J Child Adolesc Psychopharmacol. 2009 Dec;19(6):649-62. doi: 10.1089/cap.2008.0165.
The aim of this study was to assess the effectiveness and safety of lisdexamfetamine dimesylate (LDX) in children with attention-deficit/hyperactivity disorder (ADHD).
This was a 7-week, open-label study evaluating 20, 30, 40, 50, 60, or 70 mg/day LDX in 318 children aged 6-12 years with ADHD. The ADHD Rating Scale IV (ADHD-RS-IV) was the primary efficacy assessment. Secondary measures included the Clinical Global Impressions-Improvement (CGI-I), Expression and Emotion Scale for Children (EESC), and Behavior Rating Inventory of Executive Function (BRIEF). Safety assessments included treatment-emergent adverse events (TEAEs), vital signs, and electrocardiograms.
At end point, mean (standard deviation [SD]) improvement from baseline in ADHD-RS-IV total score was 28.6 (10.9) (p < 0.0001). Most subjects (89.9%) were rated "improved" (i.e., CGI-I 1 or 2). Improvements from baseline were observed in the EESC total and subscale scores (p < or = 0.0002). LDX treatment resulted in significant improvement on the Global Executive Composite, Behavioral Regulation, and Metacognition indices of the BRIEF (p < 0.0001). TEAEs (incidences > or =10%) were decreased appetite, decreased weight, irritability, insomnia, headache, upper abdominal pain, and initial insomnia.

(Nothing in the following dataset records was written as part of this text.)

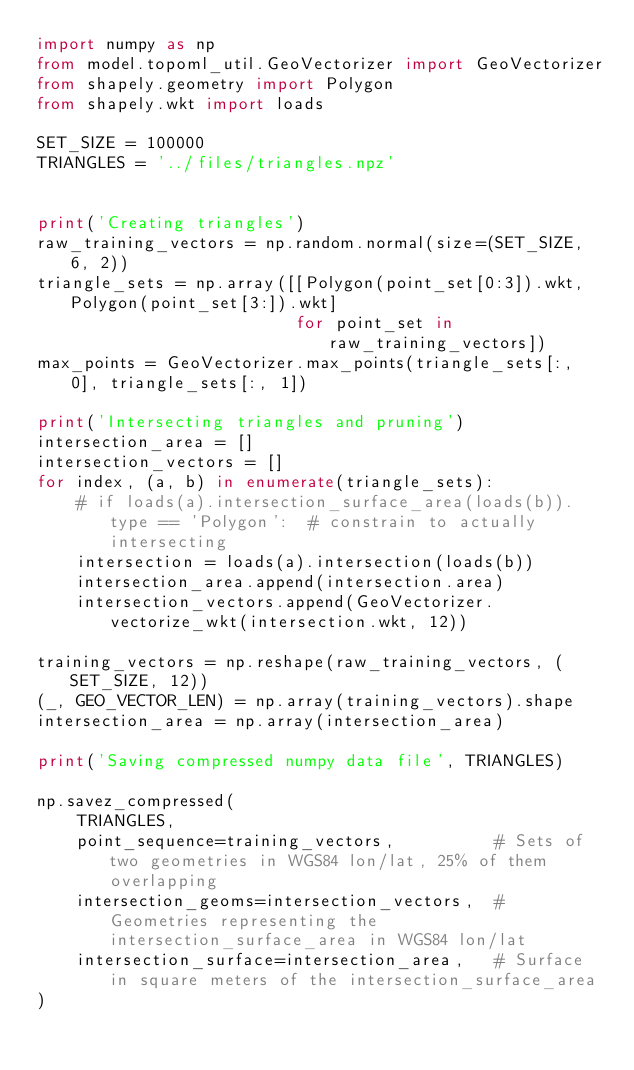Convert code to text. <code><loc_0><loc_0><loc_500><loc_500><_Python_>import numpy as np
from model.topoml_util.GeoVectorizer import GeoVectorizer
from shapely.geometry import Polygon
from shapely.wkt import loads

SET_SIZE = 100000
TRIANGLES = '../files/triangles.npz'


print('Creating triangles')
raw_training_vectors = np.random.normal(size=(SET_SIZE, 6, 2))
triangle_sets = np.array([[Polygon(point_set[0:3]).wkt, Polygon(point_set[3:]).wkt]
                          for point_set in raw_training_vectors])
max_points = GeoVectorizer.max_points(triangle_sets[:, 0], triangle_sets[:, 1])

print('Intersecting triangles and pruning')
intersection_area = []
intersection_vectors = []
for index, (a, b) in enumerate(triangle_sets):
    # if loads(a).intersection_surface_area(loads(b)).type == 'Polygon':  # constrain to actually intersecting
    intersection = loads(a).intersection(loads(b))
    intersection_area.append(intersection.area)
    intersection_vectors.append(GeoVectorizer.vectorize_wkt(intersection.wkt, 12))

training_vectors = np.reshape(raw_training_vectors, (SET_SIZE, 12))
(_, GEO_VECTOR_LEN) = np.array(training_vectors).shape
intersection_area = np.array(intersection_area)

print('Saving compressed numpy data file', TRIANGLES)

np.savez_compressed(
    TRIANGLES,
    point_sequence=training_vectors,          # Sets of two geometries in WGS84 lon/lat, 25% of them overlapping
    intersection_geoms=intersection_vectors,  # Geometries representing the intersection_surface_area in WGS84 lon/lat
    intersection_surface=intersection_area,   # Surface in square meters of the intersection_surface_area
)</code>

LDX was effective and generally well tolerated with a safety profile consistent with long-acting stimulant use. There was overall improvement in ADHD symptoms and executive function measures and no worsening of emotional expression measures.
clinicaltrials.gov Identifier: NCT00500071.

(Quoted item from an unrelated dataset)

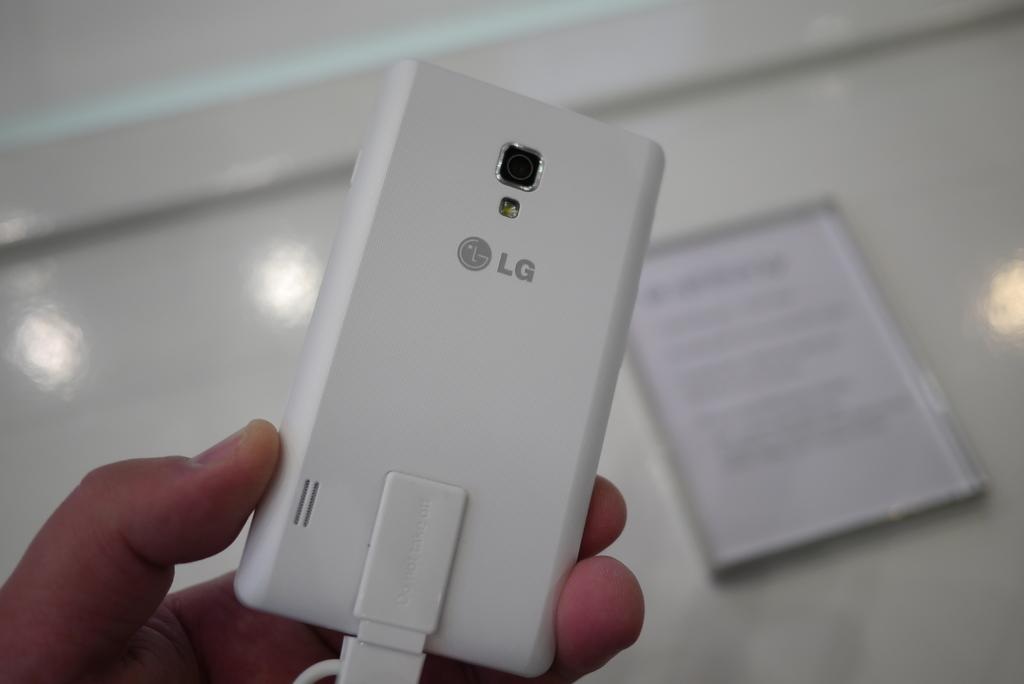<image>
Provide a brief description of the given image. A hand holds an LG phone that is entirely white in color. 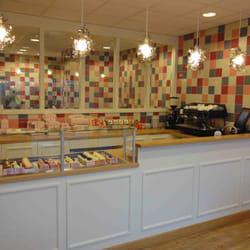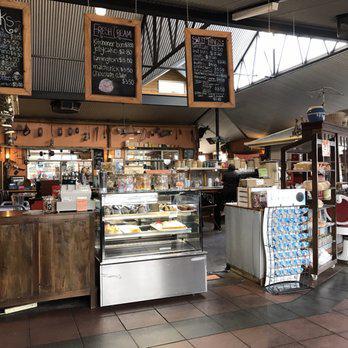The first image is the image on the left, the second image is the image on the right. Considering the images on both sides, is "There are tables and chairs for dining in at least one of the images, but there are no people." valid? Answer yes or no. No. The first image is the image on the left, the second image is the image on the right. For the images shown, is this caption "The interior of a shop has a row of suspended white lights over a pale painted counter with glass display case on top." true? Answer yes or no. Yes.

本研究旨在评估二甲磺酸赖右苯丙胺(LDX)治疗注意缺陷多动障碍(ADHD)患儿的有效性和安全性。
这是一项为期7周的开放标签研究,对318名6至12岁的ADHD患儿使用每日20、30、40、50、60或70毫克的LDX进行评估。ADHD评定量表第四版(ADHD-RS-IV)是主要疗效评估指标。次要指标包括临床总体印象改善量表(CGI-I)、儿童表情与情绪量表(EESC)以及执行功能行为评定量表(BRIEF)。安全性评估包括治疗中出现的不良事件(TEAE)、生命体征和心电图。
在研究终点,ADHD-RS-IV总分较基线的平均(标准差[SD])改善为28.6(10.9)(p<0.0001)。大多数受试者(89.9%)被评为“改善”(即CGI-I为1或2)。EESC总分及各子量表得分较基线均有改善(p≤0.0002)。LDX治疗使BRIEF的总体执行功能综合指标、行为调节指标和元认知指标有显著改善(p<0.0001)。TEAE(发生率≥10%)包括食欲减退、体重减轻、易怒、失眠、头痛、上腹部疼痛和初始失眠。
LDX有效且总体耐受性良好,其安全性与长效兴奋剂使用一致。ADHD症状和执行功能指标总体有所改善,情绪表达指标未恶化。
clinicaltrials.gov标识符:NCT00500071。